YOUR INSTRUCTIONS - Look through the lines below and extract each one that contains "image".

Data excerpts
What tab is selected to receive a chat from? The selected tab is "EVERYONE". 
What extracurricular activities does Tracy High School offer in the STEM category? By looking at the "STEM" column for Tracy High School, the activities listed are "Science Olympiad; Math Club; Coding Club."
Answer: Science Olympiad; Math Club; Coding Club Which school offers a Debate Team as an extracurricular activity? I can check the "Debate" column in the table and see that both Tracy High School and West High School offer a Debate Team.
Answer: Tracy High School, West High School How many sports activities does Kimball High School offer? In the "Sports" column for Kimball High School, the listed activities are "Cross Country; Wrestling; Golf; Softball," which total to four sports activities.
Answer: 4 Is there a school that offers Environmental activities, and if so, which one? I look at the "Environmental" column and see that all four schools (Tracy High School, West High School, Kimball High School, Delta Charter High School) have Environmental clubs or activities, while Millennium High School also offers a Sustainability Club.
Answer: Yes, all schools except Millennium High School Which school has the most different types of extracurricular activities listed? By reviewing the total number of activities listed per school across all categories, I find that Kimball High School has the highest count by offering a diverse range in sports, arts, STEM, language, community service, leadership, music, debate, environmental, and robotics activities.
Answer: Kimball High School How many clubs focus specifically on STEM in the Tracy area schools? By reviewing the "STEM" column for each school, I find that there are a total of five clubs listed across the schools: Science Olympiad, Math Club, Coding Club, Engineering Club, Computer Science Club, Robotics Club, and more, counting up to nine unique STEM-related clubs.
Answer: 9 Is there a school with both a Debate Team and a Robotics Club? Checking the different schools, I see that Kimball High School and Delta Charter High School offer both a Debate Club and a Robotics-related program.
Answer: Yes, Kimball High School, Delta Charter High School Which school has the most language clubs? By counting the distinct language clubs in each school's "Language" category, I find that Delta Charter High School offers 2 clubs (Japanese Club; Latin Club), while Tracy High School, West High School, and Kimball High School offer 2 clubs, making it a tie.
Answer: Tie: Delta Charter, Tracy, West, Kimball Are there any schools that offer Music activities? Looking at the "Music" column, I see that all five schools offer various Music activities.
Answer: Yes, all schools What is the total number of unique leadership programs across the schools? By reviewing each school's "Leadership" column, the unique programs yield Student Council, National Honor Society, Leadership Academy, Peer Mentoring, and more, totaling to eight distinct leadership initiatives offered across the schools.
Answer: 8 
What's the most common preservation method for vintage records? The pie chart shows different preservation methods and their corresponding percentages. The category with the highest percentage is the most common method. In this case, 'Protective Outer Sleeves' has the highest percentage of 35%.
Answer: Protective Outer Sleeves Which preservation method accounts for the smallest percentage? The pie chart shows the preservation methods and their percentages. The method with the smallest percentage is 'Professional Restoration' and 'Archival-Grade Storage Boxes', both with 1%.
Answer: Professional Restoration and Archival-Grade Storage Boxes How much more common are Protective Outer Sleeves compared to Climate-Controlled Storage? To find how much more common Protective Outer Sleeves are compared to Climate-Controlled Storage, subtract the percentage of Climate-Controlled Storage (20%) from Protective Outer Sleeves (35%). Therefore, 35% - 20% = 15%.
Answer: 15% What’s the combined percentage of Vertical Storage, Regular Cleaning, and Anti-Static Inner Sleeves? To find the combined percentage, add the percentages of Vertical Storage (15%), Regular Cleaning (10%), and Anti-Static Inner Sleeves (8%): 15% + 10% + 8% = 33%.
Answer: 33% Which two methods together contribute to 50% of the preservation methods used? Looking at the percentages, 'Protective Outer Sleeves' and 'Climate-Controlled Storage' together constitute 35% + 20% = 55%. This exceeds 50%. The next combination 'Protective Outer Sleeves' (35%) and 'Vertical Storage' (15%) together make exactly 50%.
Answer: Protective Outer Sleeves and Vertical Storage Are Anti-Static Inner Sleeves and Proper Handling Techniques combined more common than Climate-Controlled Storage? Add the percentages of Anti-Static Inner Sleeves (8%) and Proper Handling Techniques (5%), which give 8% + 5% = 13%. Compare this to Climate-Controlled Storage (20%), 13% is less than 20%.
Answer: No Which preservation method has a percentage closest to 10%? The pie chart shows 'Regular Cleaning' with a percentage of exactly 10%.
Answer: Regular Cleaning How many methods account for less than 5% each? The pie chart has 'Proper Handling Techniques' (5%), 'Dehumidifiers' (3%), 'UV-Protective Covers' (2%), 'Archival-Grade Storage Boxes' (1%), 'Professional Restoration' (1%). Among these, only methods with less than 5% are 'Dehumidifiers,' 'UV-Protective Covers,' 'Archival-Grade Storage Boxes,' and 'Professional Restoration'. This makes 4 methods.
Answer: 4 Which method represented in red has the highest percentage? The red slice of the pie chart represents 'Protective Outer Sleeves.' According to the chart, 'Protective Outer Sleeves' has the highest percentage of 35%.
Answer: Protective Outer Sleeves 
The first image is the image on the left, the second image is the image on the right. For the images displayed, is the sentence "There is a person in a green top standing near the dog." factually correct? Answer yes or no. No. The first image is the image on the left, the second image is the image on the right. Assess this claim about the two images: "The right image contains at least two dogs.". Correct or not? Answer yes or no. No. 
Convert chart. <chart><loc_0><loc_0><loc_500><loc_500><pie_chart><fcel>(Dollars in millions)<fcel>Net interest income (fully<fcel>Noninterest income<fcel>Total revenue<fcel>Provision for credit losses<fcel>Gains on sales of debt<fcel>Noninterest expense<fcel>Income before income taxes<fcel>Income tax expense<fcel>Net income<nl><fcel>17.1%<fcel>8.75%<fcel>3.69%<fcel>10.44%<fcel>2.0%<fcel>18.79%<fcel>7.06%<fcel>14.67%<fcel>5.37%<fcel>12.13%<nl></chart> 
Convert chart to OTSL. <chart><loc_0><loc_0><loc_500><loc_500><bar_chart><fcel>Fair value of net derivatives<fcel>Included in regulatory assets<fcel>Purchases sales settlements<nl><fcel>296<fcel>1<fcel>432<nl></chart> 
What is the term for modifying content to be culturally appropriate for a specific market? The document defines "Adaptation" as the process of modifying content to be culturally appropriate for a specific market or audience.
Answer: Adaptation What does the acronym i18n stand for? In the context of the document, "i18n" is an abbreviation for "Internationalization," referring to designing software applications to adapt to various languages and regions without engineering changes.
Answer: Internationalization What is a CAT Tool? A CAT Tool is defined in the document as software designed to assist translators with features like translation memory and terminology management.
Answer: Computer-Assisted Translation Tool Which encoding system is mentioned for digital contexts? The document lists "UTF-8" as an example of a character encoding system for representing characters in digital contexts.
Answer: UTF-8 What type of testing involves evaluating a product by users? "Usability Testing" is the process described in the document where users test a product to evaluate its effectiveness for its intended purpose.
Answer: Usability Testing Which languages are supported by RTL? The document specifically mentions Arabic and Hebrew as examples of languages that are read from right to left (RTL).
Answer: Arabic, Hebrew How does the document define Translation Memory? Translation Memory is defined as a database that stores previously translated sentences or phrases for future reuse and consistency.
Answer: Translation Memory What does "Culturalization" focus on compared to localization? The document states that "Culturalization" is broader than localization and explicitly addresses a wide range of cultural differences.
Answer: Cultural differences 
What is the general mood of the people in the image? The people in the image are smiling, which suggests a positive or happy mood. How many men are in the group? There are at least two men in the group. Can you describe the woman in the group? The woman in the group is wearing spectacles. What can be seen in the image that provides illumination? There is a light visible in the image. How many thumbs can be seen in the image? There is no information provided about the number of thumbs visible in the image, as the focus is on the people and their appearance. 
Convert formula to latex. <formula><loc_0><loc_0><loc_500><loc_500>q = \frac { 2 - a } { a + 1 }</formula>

RESULT OF THIS TASK -
The first image is the image on the left, the second image is the image on the right. For the images displayed, is the sentence "There is a person in a green top standing near the dog." factually correct? Answer yes or no. No. The first image is the image on the left, the second image is the image on the right. Assess this claim about the two images: "The right image contains at least two dogs.". Correct or not? Answer yes or no. No. 
What is the general mood of the people in the image? The people in the image are smiling, which suggests a positive or happy mood. How many men are in the group? There are at least two men in the group. Can you describe the woman in the group? The woman in the group is wearing spectacles. What can be seen in the image that provides illumination? There is a light visible in the image. How many thumbs can be seen in the image? There is no information provided about the number of thumbs visible in the image, as the focus is on the people and their appearance. 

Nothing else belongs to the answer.